Abstract
Chronic hemolytic anemia and intermittent acute pain episodes are the 2 hallmark characteristics of sickle cell disease (SCD). Anemia in SCD not only signals a reduction of red cell mass and oxygen delivery, but also ongoing red cell breakdown and release of cell-free hemoglobin, which together contribute to a number of pathophysiological responses and play a key role in the pathogenesis of cumulative multiorgan damage. However, although anemia is clearly associated with many detrimental outcomes, it may also have an advantage in SCD in lowering risks of potential viscosity-related complications. Until recently, clinical drug development for SCD has predominantly targeted a reduction in the frequency of vaso-occlusive crises as an endpoint, but increasingly, more attention is being directed toward addressing the contribution of chronic anemia to poor outcomes in SCD. This article aims to explore the complex pathophysiology and mechanisms of anemia in SCD, as well as the need to balance the benefits of raising hemoglobin levels with the potential risks of increasing blood viscosity, in the context of the current therapeutic landscape for anemia in SCD.
Antenatal anemia is associated with maternal and fetal complications including stillbirth and intra-uterine growth restriction in the general population.1 Mechanistic and clinical evidence suggest anemia may also negatively affect SCD pregnancies. The angiogenic signaling molecules that are associated with abnormal placenta formation and maturation are over-expressed in chronic anemia in SCD.2 Clinically, a low first trimester hemoglobin is identified as a predictor for adverse maternal events in SCD pregnancy.3 We do not yet know whether people with chronic anemia from SCD, who have endothelial dysfunction, increased cardiac output, and decreased systemic vascular resistance at baseline, have the cardiovascular reserve to adapt to the additional strain of pregnancy.

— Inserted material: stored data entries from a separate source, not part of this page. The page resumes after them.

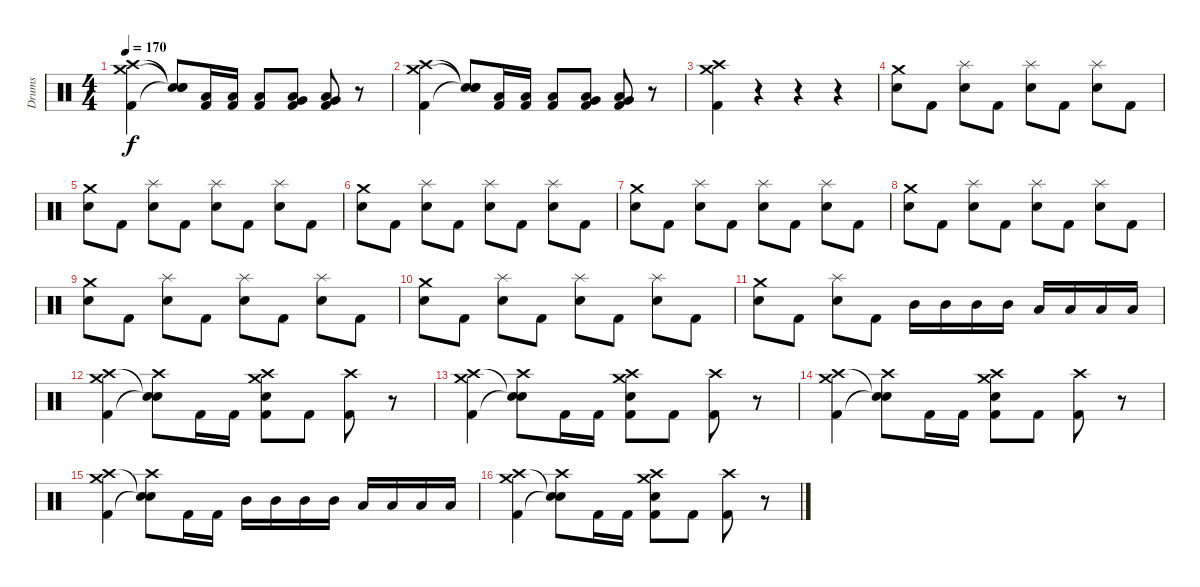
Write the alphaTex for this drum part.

\track ("Drums" "Drums") {instrument percussion}
\staff {score}
\articulation defaults
\ts (4 4)
\tempo 170
\clef neutral
\ks c
("Crash medium (hit)" "Crash high (hit)" "Kick (hit) 2").4{dy f} ("Snare (hit)"{t} "Snare (hit)"{t} "Snare (hit)"{t}).8 ("Low Tom (hit)" "Kick (hit) 2").16 ("Low Tom (hit)" "Kick (hit) 2").16 ("Low Tom (hit)" "Kick (hit) 2").8 ("Low Tom (hit)" "Very Low Tom (hit)" "Kick (hit) 2").8 ("Low Tom (hit)" "Very Low Tom (hit)" "Kick (hit) 2").8 r.8 |
("Crash medium (hit)" "Crash high (hit)" "Kick (hit) 2").4 ("Snare (hit)"{t} "Snare (hit)"{t} "Snare (hit)"{t}).8 ("Low Tom (hit)" "Kick (hit) 2").16 ("Low Tom (hit)" "Kick (hit) 2").16 ("Low Tom (hit)" "Kick (hit) 2").8 ("Low Tom (hit)" "Very Low Tom (hit)" "Kick (hit) 2").8 ("Low Tom (hit)" "Very Low Tom (hit)" "Kick (hit) 2").8 r.8 |
("Crash medium (hit)" "Crash high (hit)" "Kick (hit) 2").4 r.4 r.4 r.4 |
("Crash medium (hit)" "Snare (hit) 2").8 "Kick (hit) 2".8 ("Splash (hit)" "Snare (hit) 2").8 "Kick (hit) 2".8 ("Splash (hit)" "Snare (hit) 2").8 "Kick (hit) 2".8 ("Splash (hit)" "Snare (hit) 2").8 "Kick (hit) 2".8 |
("Crash medium (hit)" "Snare (hit) 2").8 "Kick (hit) 2".8 ("Splash (hit)" "Snare (hit) 2").8 "Kick (hit) 2".8 ("Splash (hit)" "Snare (hit) 2").8 "Kick (hit) 2".8 ("Splash (hit)" "Snare (hit) 2").8 "Kick (hit) 2".8 |
("Crash medium (hit)" "Snare (hit) 2").8 "Kick (hit) 2".8 ("Splash (hit)" "Snare (hit) 2").8 "Kick (hit) 2".8 ("Splash (hit)" "Snare (hit) 2").8 "Kick (hit) 2".8 ("Splash (hit)" "Snare (hit) 2").8 "Kick (hit) 2".8 |
("Crash medium (hit)" "Snare (hit) 2").8 "Kick (hit) 2".8 ("Splash (hit)" "Snare (hit) 2").8 "Kick (hit) 2".8 ("Splash (hit)" "Snare (hit) 2").8 "Kick (hit) 2".8 ("Splash (hit)" "Snare (hit) 2").8 "Kick (hit) 2".8 |
("Crash medium (hit)" "Snare (hit) 2").8 "Kick (hit) 2".8 ("Splash (hit)" "Snare (hit) 2").8 "Kick (hit) 2".8 ("Splash (hit)" "Snare (hit) 2").8 "Kick (hit) 2".8 ("Splash (hit)" "Snare (hit) 2").8 "Kick (hit) 2".8 |
("Crash medium (hit)" "Snare (hit) 2").8 "Kick (hit) 2".8 ("Splash (hit)" "Snare (hit) 2").8 "Kick (hit) 2".8 ("Splash (hit)" "Snare (hit) 2").8 "Kick (hit) 2".8 ("Splash (hit)" "Snare (hit) 2").8 "Kick (hit) 2".8 |
("Crash medium (hit)" "Snare (hit) 2").8 "Kick (hit) 2".8 ("Splash (hit)" "Snare (hit) 2").8 "Kick (hit) 2".8 ("Splash (hit)" "Snare (hit) 2").8 "Kick (hit) 2".8 ("Splash (hit)" "Snare (hit) 2").8 "Kick (hit) 2".8 |
("Crash medium (hit)" "Snare (hit) 2").8 "Kick (hit) 2".8 ("Splash (hit)" "Snare (hit) 2").8 "Kick (hit) 2".8 "Mid Tom (hit)".16 "Mid Tom (hit)".16 "Mid Tom (hit)".16 "Mid Tom (hit)".16 "Low Tom (hit)".16 "Low Tom (hit)".16 "Low Tom (hit)".16 "Low Tom (hit)".16 |
("Crash medium (hit)" "Crash high (hit)" "Kick (hit) 2").4 ("Crash high (hit)" "Snare (hit)"{t} "Snare (hit)"{t}).8 "Kick (hit) 2".16 "Kick (hit) 2".16 ("Crash high (hit)" "Snare (hit) 2" "Crash medium (hit)" "Kick (hit) 2").8 "Kick (hit) 2".8 ("Crash high (hit)" "Kick (hit) 2").8 r.8 |
("Crash medium (hit)" "Crash high (hit)" "Kick (hit) 2").4 ("Crash high (hit)" "Snare (hit)"{t} "Snare (hit)"{t}).8 "Kick (hit) 2".16 "Kick (hit) 2".16 ("Crash high (hit)" "Snare (hit) 2" "Crash medium (hit)" "Kick (hit) 2").8 "Kick (hit) 2".8 ("Crash high (hit)" "Kick (hit) 2").8 r.8 |
("Crash medium (hit)" "Crash high (hit)" "Kick (hit) 2").4 ("Crash high (hit)" "Snare (hit)"{t} "Snare (hit)"{t}).8 "Kick (hit) 2".16 "Kick (hit) 2".16 ("Crash high (hit)" "Snare (hit) 2" "Crash medium (hit)" "Kick (hit) 2").8 "Kick (hit) 2".8 ("Crash high (hit)" "Kick (hit) 2").8 r.8 |
("Crash medium (hit)" "Crash high (hit)" "Kick (hit) 2").4 ("Crash high (hit)" "Snare (hit)"{t} "Snare (hit)"{t}).8 "Kick (hit) 2".16 "Kick (hit) 2".16 "Mid Tom (hit)".16 "Mid Tom (hit)".16 "Mid Tom (hit)".16 "Mid Tom (hit)".16 "Low Tom (hit)".16 "Low Tom (hit)".16 "Low Tom (hit)".16 "Low Tom (hit)".16 |
("Crash medium (hit)" "Crash high (hit)" "Kick (hit) 2").4 ("Crash high (hit)" "Snare (hit)"{t} "Snare (hit)"{t}).8 "Kick (hit) 2".16 "Kick (hit) 2".16 ("Crash high (hit)" "Snare (hit) 2" "Crash medium (hit)" "Kick (hit) 2").8 "Kick (hit) 2".8 ("Crash high (hit)" "Kick (hit) 2").8 r.8

Evidence suggests a modest benefit of prophylactic transfusions in pregnancy.3 However, indications for initiation of this therapy are indiscriminate and do not consider anemia risks.4 This may be partly explained by the near-universal presence of anemia in SCD pregnancy and the lack of a transfusion threshold below which maternal or fetal morbidity would be expected.
Besides transfusion, no SCD treatments are established in pregnancy. Hydroxyurea is a chemotherapeutic agent and its discontinuation at conception is recommended, although the lack of alternatives to transfusions leads to occasional use during pregnancy. Neither voxelotor nor crizanlizumab had promising pregnancy safety profiles in animal studies, and there is no data on L-glutamine.5
Reproductive organs are the less often considered end-organs in SCD. However, patients around the globe are surviving into their reproductive years. Continued research on the effects of anemia in SCD on all reproductive end-organs, including the placenta and fetus, is imperative.